Celebrating Pulaski Day in New York

By Ella Kietlinska, Epoch Times
October 4, 2010 Updated: October 4, 2010
TRADITIONAL DRESS: Polish dancers in traditional folk costumes at the annual Pulaski Day parade in Manhattan. (Ella Kietlinska/The Epoch Times)
TRADITIONAL DRESS: Polish dancers in traditional folk costumes at the annual Pulaski Day parade in Manhattan. (Ella Kietlinska/The Epoch Times)

NEW YORK—The Fifth Avenue lit up with white and red colors on Sunday afternoon, as the Polish communities of New York and New Jersey marched down the avenue to celebrate Pulaski Day, wearing the Polish national colors of white and red and carrying white and red banners, flags, and balloons.

The 73rd Annual Pulaski Day Parade took place to commemorate the Polish American hero of the Revolutionary War, General Casimir Pulaski.

Mayor Bloomberg joins in the festivities. (Ella Kietlinska/The Epoch Times)
Mayor Bloomberg joins in the festivities. (Ella Kietlinska/The Epoch Times)
Casimir Pulaski was a Polish soldier, nobleman, and politician, who emigrated to the United States in 1777. Known for his bravery in defending the freedom of Poland, Pulaski was accepted as a volunteer in the American army and took part in the Revolutionary War. He defended the life of General George Washington and became a general of the cavalry for his military achievements.

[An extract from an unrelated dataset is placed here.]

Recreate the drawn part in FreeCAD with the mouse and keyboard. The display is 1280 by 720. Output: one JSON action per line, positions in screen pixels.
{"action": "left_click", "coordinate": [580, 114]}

Pulaski, referred to as “the father of American cavalry,” was awarded honorary citizenship of the United States in 2009.

The theme for this year's parade was “Poland, America: Perfect Together.” Various Polish national and local organizations, schools, and dance groups, as well as local residents from New York and New Jersey joined the event. Some wore beautiful traditional costumes and others dressed in the Polish national colors of red and white.

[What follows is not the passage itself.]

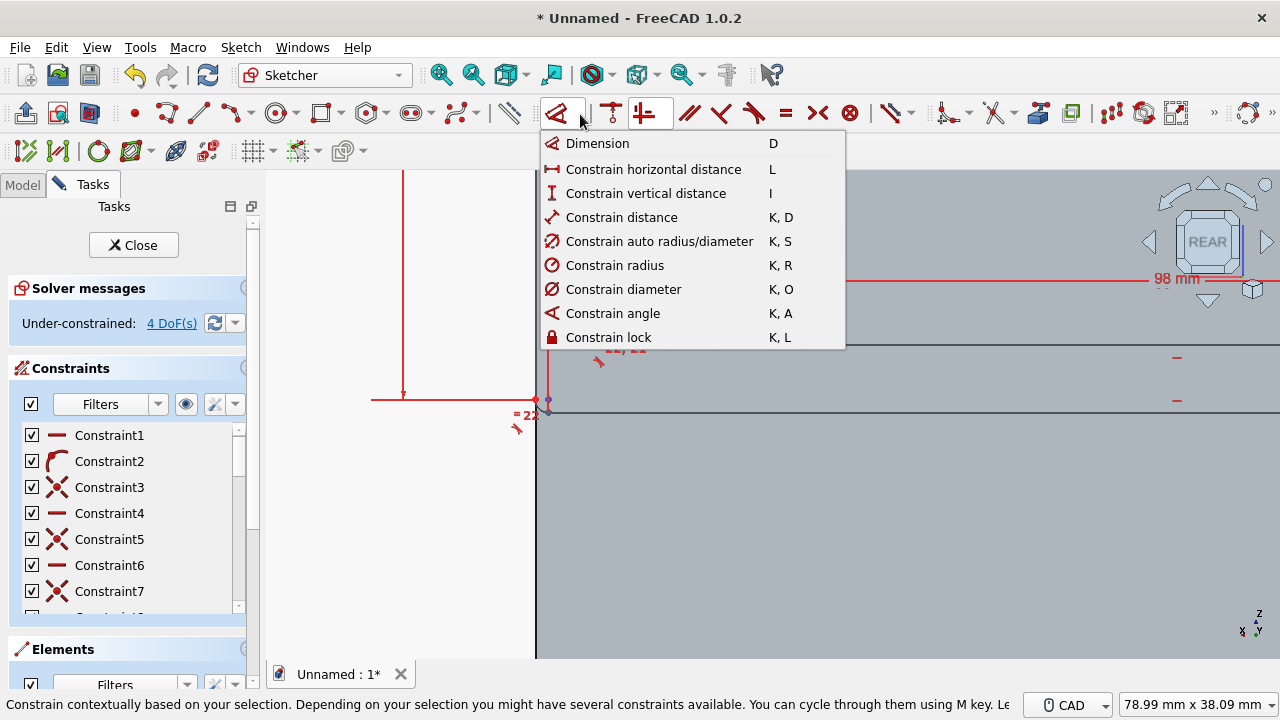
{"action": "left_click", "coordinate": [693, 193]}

Each Pulaski Day Parade is traditionally led by a grand marshal elected by the Parade Committee. This year, this honor was granted to Stanley Moskal, 32, an American born to a Polish-American family. Moskal is the deputy mayor of Garfield, N.J., and a successful business executive.

Soldiers salute along the parade route. (Ella Kietlinska/The Epoch Times)
Soldiers salute along the parade route. (Ella Kietlinska/The Epoch Times)
The parade was honored by New York City Mayor Michael Bloomberg and Polish Consul General Ewa Junczyk-Ziomecka, and officials were invited by a dance group to partake in a polonaise—a slow, dignified, traditional Polish dance that was once performed by nobility at balls and grand celebrations.

Many parade participants expressed enthusiasm for the event's message of cultural unity and celebration.

Marek, a student of political science on vacation from Poland, said that this was a great initiative to demonstrate the unity among Polish Americans and to present a positive image of Poland.

Children dance in traditional clothing. (Ella Kietlinska/The Epoch Times)
Children dance in traditional clothing. (Ella Kietlinska/The Epoch Times)
Ryszard, a resident of New Jersey, said that the Pulaski Day Parade was a great opportunity to showcase Polish culture that the Poles are proud of.